Introduction to Machine Learning, Clustering and EM Barnab s P czos Contents Clustering

Trust based Clustering for Group Trust based Clustering for Group Trust based Clustering for

Probabilistic &amp; Unsupervised Learning Factored Variational Approximations and Variational

Lecture 3: Crossed Products by Finite Groups; the 1129 July 2016 Rokhlin Property Lecture 1

Convergence of ensemble Kalman filters in the large ensemble limit and infinite dimension Jan

Preliminary Results on n e / n t selection at DUNE FD. CP violation &amp; n t physics perspectives.
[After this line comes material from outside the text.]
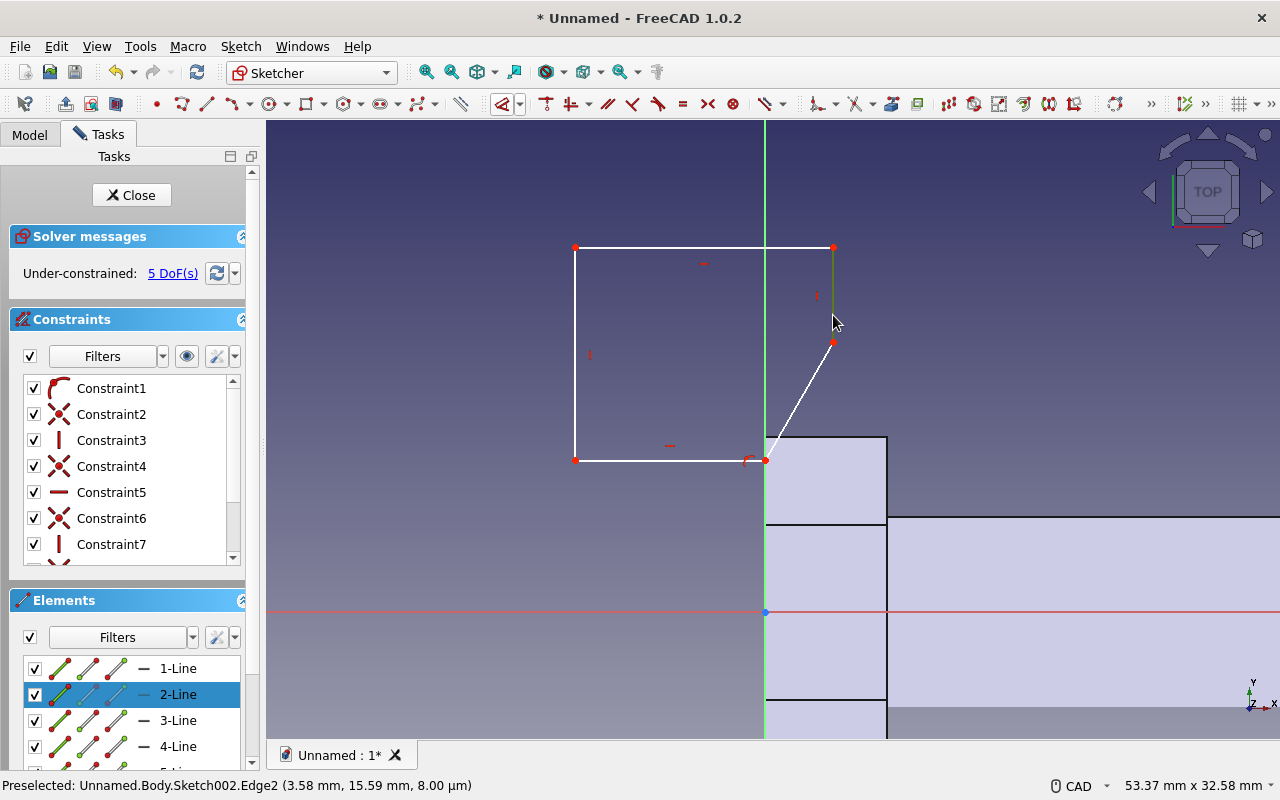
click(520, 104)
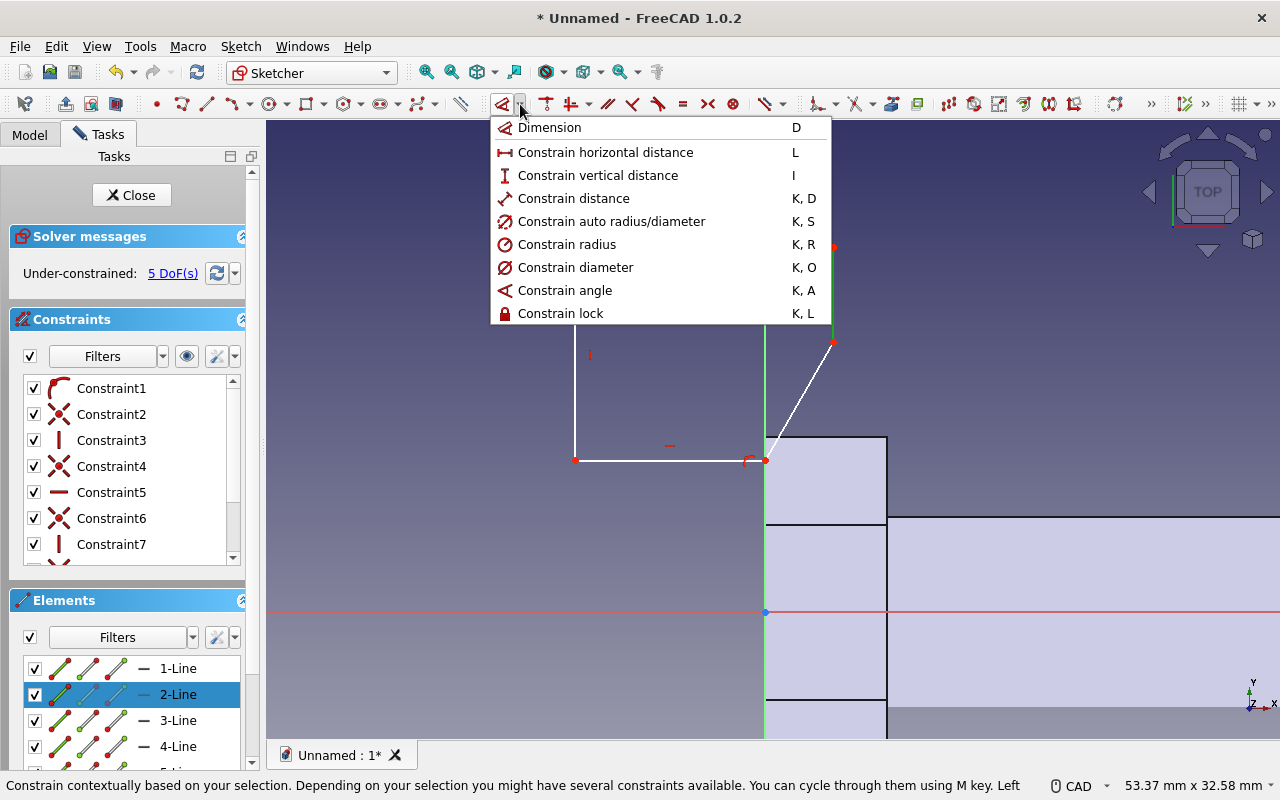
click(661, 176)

Lecture 2.1: Separation of Variables Matthew Macauley Department of Mathematical Sciences

Brentuximab Vedotin in ALCL Bar arbara Pro, MD Nor orthwestern rn Univ iversity CD30 A ( (

Helmets and Neck Injuries in Fatal Motorcycle Crashes James V. Ouellet David R. Thom Terry A.

Analysis of serious injury collisions and serious injuries on Irish roads (2014-2017) RSA and An

Scope & Limits of Scope & Limits of Scope & Limits of Legal Authority Legal

Probabilistic & Unsupervised Learning Factored Variational Approximations and Variational

Preliminary Results on n e / n t selection at DUNE FD. CP violation & n t physics perspectives.